Promita offered me a few of her published poems; she was genuinely eager to get them translated into English. I read all the twelve poems she gave and I picked five for my desk. I found her poems extremely intriguing, rich in imageries and moderately feministic. I’m sure the translated poems will appeal to many readers and critics across the globe. Let’s take a look:


The Secret Malady

We, finally, met at the crossroad.

The laid-back winter heightened as we talked

under the frozen light of the coffee shop,

and as we kept silent.

The evening stood firmly keeping its arm

on my shoulder; you too kept your hands in mine

ignoring the vigil—

You looked like my ex-lover from one side,

while the other remained unseen even now.

I wanted to say something but I fail to remember;

my eyes lack vision and my hands...

The navel and the breasts have become numb.

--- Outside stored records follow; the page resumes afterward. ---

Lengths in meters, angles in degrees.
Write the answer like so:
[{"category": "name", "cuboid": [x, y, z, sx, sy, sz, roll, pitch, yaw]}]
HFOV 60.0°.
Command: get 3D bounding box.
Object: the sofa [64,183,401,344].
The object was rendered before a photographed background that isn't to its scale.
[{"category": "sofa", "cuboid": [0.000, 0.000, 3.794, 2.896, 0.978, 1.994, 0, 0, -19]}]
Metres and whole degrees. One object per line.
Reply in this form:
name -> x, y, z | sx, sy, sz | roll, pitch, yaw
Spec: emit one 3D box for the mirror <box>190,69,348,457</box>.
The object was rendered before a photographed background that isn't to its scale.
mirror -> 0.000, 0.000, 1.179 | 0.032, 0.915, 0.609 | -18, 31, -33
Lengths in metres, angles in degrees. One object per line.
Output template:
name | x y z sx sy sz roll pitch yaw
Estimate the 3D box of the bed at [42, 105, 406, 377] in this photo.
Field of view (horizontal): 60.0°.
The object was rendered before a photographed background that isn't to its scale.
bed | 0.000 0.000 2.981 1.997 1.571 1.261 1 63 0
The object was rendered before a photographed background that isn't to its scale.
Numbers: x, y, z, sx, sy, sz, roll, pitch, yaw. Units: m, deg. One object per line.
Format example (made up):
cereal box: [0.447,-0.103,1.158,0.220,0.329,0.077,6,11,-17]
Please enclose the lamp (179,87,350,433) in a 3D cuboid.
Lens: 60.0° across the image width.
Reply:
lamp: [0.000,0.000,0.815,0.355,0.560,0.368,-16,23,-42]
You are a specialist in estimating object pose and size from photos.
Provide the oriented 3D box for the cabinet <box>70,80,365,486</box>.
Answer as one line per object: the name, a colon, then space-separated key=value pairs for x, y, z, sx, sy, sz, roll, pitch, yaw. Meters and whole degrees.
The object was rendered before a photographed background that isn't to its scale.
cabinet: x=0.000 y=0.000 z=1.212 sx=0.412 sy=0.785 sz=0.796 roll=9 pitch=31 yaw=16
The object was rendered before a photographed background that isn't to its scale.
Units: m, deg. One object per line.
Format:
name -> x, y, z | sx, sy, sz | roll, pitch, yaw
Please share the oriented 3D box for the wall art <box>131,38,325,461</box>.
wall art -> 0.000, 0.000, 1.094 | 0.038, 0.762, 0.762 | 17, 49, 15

Make sure you leave the secret malady with me

the next time we meet.



Ignoring much of my preferences

I've arrived to the understanding that

we do not doubt one another anymore.

Well, we might fail to recognize each other

from behind the door;

no one would try to find us out...

Nobody would want to call us either!

You might move ahead leaving behind

the used towel in the bathroom; you might also

become a bit innocent considering my

absence inevitable.

But then, I might fall asleep.

The body-fluid might bathe me

unconditionally; and without further query,

expression, or protest I might start believing

that we don't have much to do except for

suspecting the other.



I wish a few gusty nights could emerge

from the shattered gloom. I wish the vast sky

could unroll across the runway. And I wish

an acute illness could adhere to the triangular island.

For once at-least, let the want of food and love

speak together in the minds while thinking of

the probable death of our cherished dreams.

Let the door obliterate the known separation

as it opens wide. Let the days, months and the years

merge with the crowd prior to knowing

the right direction.

I wish a few turbulent days could alter

the meaning of the god.



And then, if I return all of a sudden one afternoon,

the unkempt dust will move along the walk;

my wide smile vanishes, and so does the ambiguous time.

And then, if you touch the face,

my love-soaked chin, especially; the vigil would collapse

in my fist...

Leaving the twilight behind I'll ask for a

long-talk while extending my palms forward.



The deep-seated malaise embraces you,

traveling across your stomach, liver, lungs,

veins and nerves.

You experience a black out as you are short of breath.

The flesh is now loosely-attached to your bones, and a few

men approach to savor the woman-meat. They will now

scratch and tear your waist, breasts, back, and lips.

Watery are their mouths, and your blood continues to pale.

Keeping aside your teeth, nails and the fire

you keep advising them the tenets of human care.